Ark's City Goblin #187 (2008 SS/TC donor)

Ark :D

Goblin Guru
DS and JB, thanks for the info. I finally found a way to use a bit from my original donor! I cut up the brake booster hose and used it with a check valve to join the brass fitting on the MAF tube to the little hose on the valve cover.

FWIW a lot of your posts have been helpful to me, keep the ramblings going!
That's good to know, lol!
 

Briann1177

Goblin Guru
It's a little weird, having the longest build thread on this forum, and is making me a little self-conscious. =O
The IT guy in me is wondering how much storage, CPU, memory, bandwidth, and most importantly how much extra Adam has to pay for all of this. :)
 

Torchandregdoc

Goblin Guru
I've been in my own little world the last week working through my own build issues and today I noticed the explosion on this thread. The amount of free help you guys offer is unbelievable.

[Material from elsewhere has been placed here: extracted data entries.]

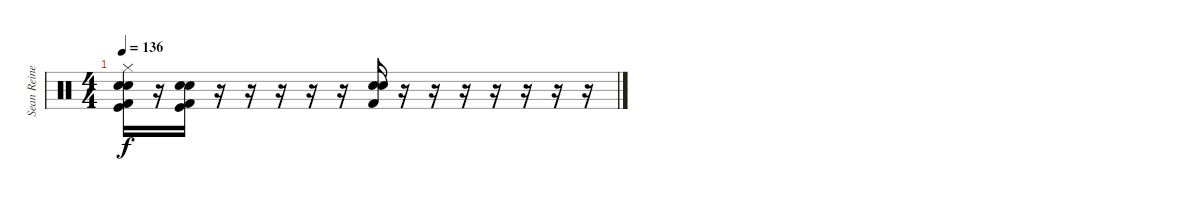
\track ("Sean Reinert" "Sean Reine") {instrument percussion}
\staff {score}
\articulation defaults
\ts (4 4)
\tempo 136
\clef neutral
\ks c
("Hi-Hat (closed)" "Electric Snare (hit)" "Snare (hit) 2" "Kick (hit) 2" "Kick (hit)").16{dy f} r.16 ("Kick (hit)" "Kick (hit) 2" "Electric Snare (hit)" "Snare (hit) 2").16 r.16 r.16 r.16 r.16 r.16 ("Electric Snare (hit)" "Snare (hit) 2" "Kick (hit) 2").16 r.16 r.16 r.16 r.16 r.16 r.16 r.16
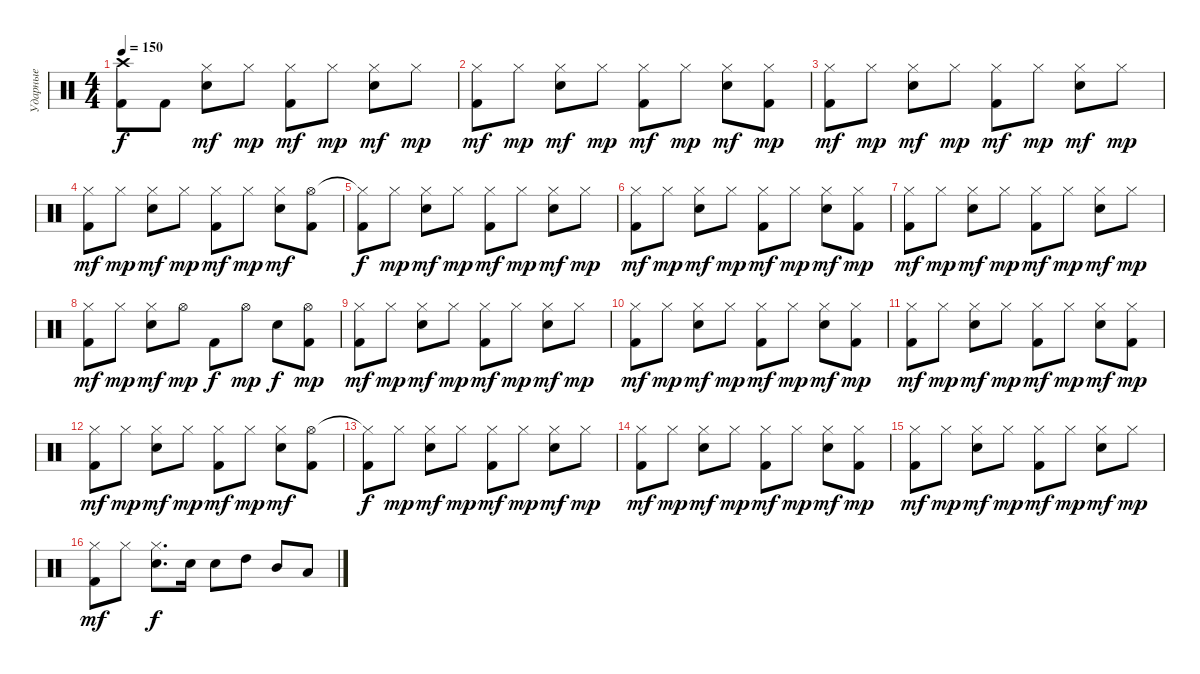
\track ("Ударные" "Ударные") {instrument percussion}
\staff {score}
\articulation defaults
\ts (4 4)
\tempo 150
\clef neutral
\ks c
("Crash high (hit)" "Kick (hit) 2").8{dy f} "Kick (hit) 2".8 ("Hi-Hat (closed)" "Electric Snare (hit)").8{dy mf} "Hi-Hat (closed)".8{dy mp} ("Hi-Hat (closed)" "Kick (hit) 2").8{dy mf} "Hi-Hat (closed)".8{dy mp} ("Hi-Hat (closed)" "Electric Snare (hit)").8{dy mf} "Hi-Hat (closed)".8{dy mp} |
("Hi-Hat (closed)" "Kick (hit) 2").8{dy mf} "Hi-Hat (closed)".8{dy mp} ("Hi-Hat (closed)" "Electric Snare (hit)").8{dy mf} "Hi-Hat (closed)".8{dy mp} ("Hi-Hat (closed)" "Kick (hit) 2").8{dy mf} "Hi-Hat (closed)".8{dy mp} ("Hi-Hat (closed)" "Electric Snare (hit)").8{dy mf} ("Hi-Hat (closed)" "Kick (hit) 2").8{dy mp} |
("Hi-Hat (closed)" "Kick (hit) 2").8{dy mf} "Hi-Hat (closed)".8{dy mp} ("Hi-Hat (closed)" "Electric Snare (hit)").8{dy mf} "Hi-Hat (closed)".8{dy mp} ("Hi-Hat (closed)" "Kick (hit) 2").8{dy mf} "Hi-Hat (closed)".8{dy mp} ("Hi-Hat (closed)" "Electric Snare (hit)").8{dy mf} "Hi-Hat (closed)".8{dy mp} |
("Hi-Hat (closed)" "Kick (hit) 2").8{dy mf} "Hi-Hat (closed)".8{dy mp} ("Hi-Hat (closed)" "Electric Snare (hit)").8{dy mf} "Hi-Hat (closed)".8{dy mp} ("Hi-Hat (closed)" "Kick (hit) 2").8{dy mf} "Hi-Hat (closed)".8{dy mp} ("Hi-Hat (closed)" "Electric Snare (hit)").8{dy mf} ("Hi-Hat (open)" "Kick (hit) 2").8 |
("Hi-Hat (closed)"{t} "Kick (hit) 2").8{dy f} "Hi-Hat (closed)".8{dy mp} ("Hi-Hat (closed)" "Electric Snare (hit)").8{dy mf} "Hi-Hat (closed)".8{dy mp} ("Hi-Hat (closed)" "Kick (hit) 2").8{dy mf} "Hi-Hat (closed)".8{dy mp} ("Hi-Hat (closed)" "Electric Snare (hit)").8{dy mf} "Hi-Hat (closed)".8{dy mp} |
("Hi-Hat (closed)" "Kick (hit) 2").8{dy mf} "Hi-Hat (closed)".8{dy mp} ("Hi-Hat (closed)" "Electric Snare (hit)").8{dy mf} "Hi-Hat (closed)".8{dy mp} ("Hi-Hat (closed)" "Kick (hit) 2").8{dy mf} "Hi-Hat (closed)".8{dy mp} ("Hi-Hat (closed)" "Electric Snare (hit)").8{dy mf} ("Hi-Hat (closed)" "Kick (hit) 2").8{dy mp} |
("Hi-Hat (closed)" "Kick (hit) 2").8{dy mf} "Hi-Hat (closed)".8{dy mp} ("Hi-Hat (closed)" "Electric Snare (hit)").8{dy mf} "Hi-Hat (closed)".8{dy mp} ("Hi-Hat (closed)" "Kick (hit) 2").8{dy mf} "Hi-Hat (closed)".8{dy mp} ("Hi-Hat (closed)" "Electric Snare (hit)").8{dy mf} "Hi-Hat (closed)".8{dy mp} |
("Hi-Hat (closed)" "Kick (hit) 2").8{dy mf} "Hi-Hat (closed)".8{dy mp} ("Hi-Hat (closed)" "Electric Snare (hit)").8{dy mf} "Hi-Hat (open)".8{dy mp} "Kick (hit) 2".8{dy f} "Hi-Hat (open)".8{dy mp} "Electric Snare (hit)".8{dy f} ("Hi-Hat (open)" "Kick (hit) 2").8{dy mp} |
("Hi-Hat (closed)" "Kick (hit) 2").8{dy mf} "Hi-Hat (closed)".8{dy mp} ("Hi-Hat (closed)" "Electric Snare (hit)").8{dy mf} "Hi-Hat (closed)".8{dy mp} ("Hi-Hat (closed)" "Kick (hit) 2").8{dy mf} "Hi-Hat (closed)".8{dy mp} ("Hi-Hat (closed)" "Electric Snare (hit)").8{dy mf} "Hi-Hat (closed)".8{dy mp} |
("Hi-Hat (closed)" "Kick (hit) 2").8{dy mf} "Hi-Hat (closed)".8{dy mp} ("Hi-Hat (closed)" "Electric Snare (hit)").8{dy mf} "Hi-Hat (closed)".8{dy mp} ("Hi-Hat (closed)" "Kick (hit) 2").8{dy mf} "Hi-Hat (closed)".8{dy mp} ("Hi-Hat (closed)" "Electric Snare (hit)").8{dy mf} ("Hi-Hat (closed)" "Kick (hit) 2").8{dy mp} |
("Hi-Hat (closed)" "Kick (hit) 2").8{dy mf} "Hi-Hat (closed)".8{dy mp} ("Hi-Hat (closed)" "Electric Snare (hit)").8{dy mf} "Hi-Hat (closed)".8{dy mp} ("Hi-Hat (closed)" "Kick (hit) 2").8{dy mf} "Hi-Hat (closed)".8{dy mp} ("Hi-Hat (closed)" "Electric Snare (hit)").8{dy mf} ("Hi-Hat (closed)" "Kick (hit) 2").8{dy mp} |
("Hi-Hat (closed)" "Kick (hit) 2").8{dy mf} "Hi-Hat (closed)".8{dy mp} ("Hi-Hat (closed)" "Electric Snare (hit)").8{dy mf} "Hi-Hat (closed)".8{dy mp} ("Hi-Hat (closed)" "Kick (hit) 2").8{dy mf} "Hi-Hat (closed)".8{dy mp} ("Hi-Hat (closed)" "Electric Snare (hit)").8{dy mf} ("Hi-Hat (open)" "Kick (hit) 2").8 |
("Hi-Hat (closed)"{t} "Kick (hit) 2").8{dy f} "Hi-Hat (closed)".8{dy mp} ("Hi-Hat (closed)" "Electric Snare (hit)").8{dy mf} "Hi-Hat (closed)".8{dy mp} ("Hi-Hat (closed)" "Kick (hit) 2").8{dy mf} "Hi-Hat (closed)".8{dy mp} ("Hi-Hat (closed)" "Electric Snare (hit)").8{dy mf} "Hi-Hat (closed)".8{dy mp} |
("Hi-Hat (closed)" "Kick (hit) 2").8{dy mf} "Hi-Hat (closed)".8{dy mp} ("Hi-Hat (closed)" "Electric Snare (hit)").8{dy mf} "Hi-Hat (closed)".8{dy mp} ("Hi-Hat (closed)" "Kick (hit) 2").8{dy mf} "Hi-Hat (closed)".8{dy mp} ("Hi-Hat (closed)" "Electric Snare (hit)").8{dy mf} ("Hi-Hat (closed)" "Kick (hit) 2").8{dy mp} |
("Hi-Hat (closed)" "Kick (hit) 2").8{dy mf} "Hi-Hat (closed)".8{dy mp} ("Hi-Hat (closed)" "Electric Snare (hit)").8{dy mf} "Hi-Hat (closed)".8{dy mp} ("Hi-Hat (closed)" "Kick (hit) 2").8{dy mf} "Hi-Hat (closed)".8{dy mp} ("Hi-Hat (closed)" "Electric Snare (hit)").8{dy mf} "Hi-Hat (closed)".8{dy mp} |
("Hi-Hat (closed)" "Kick (hit) 2").8{dy mf} "Hi-Hat (closed)".8 ("Hi-Hat (closed)" "Electric Snare (hit)").8{d dy f} "Electric Snare (hit)".16 "Electric Snare (hit)".8 "High Tom (hit)".8 "Mid Tom (hit)".8 "Low Tom (hit)".8

Way to go Ark. The car is looking awesome. Congrats on the start. Wish I had a clue why your key system is messed up. You are the epidemy of tenacity. I know I've learned from your build and I'm sure many many more will also.
 

Ark :D

Goblin Guru
Yeah, pretty much 10+ pages in a single week, trying to troubleshoot my crank problem. The community is amazing. Lonny even rang me to talk about it. Best community, best support, hands down.

That being said, has anyone else had to resize holes in various brackets through their build?? The little metal bracket that bolts to the alternator and supports the MAF tube with a hose clamp, the **** hole is too small. That's irritating because I don't have a vice! Argh!
 

JBINTX

Goblin Guru
Yeah, pretty much 10+ pages in a single week, trying to troubleshoot my crank problem. The community is amazing. Lonny even rang me to talk about it. Best community, best support, hands down.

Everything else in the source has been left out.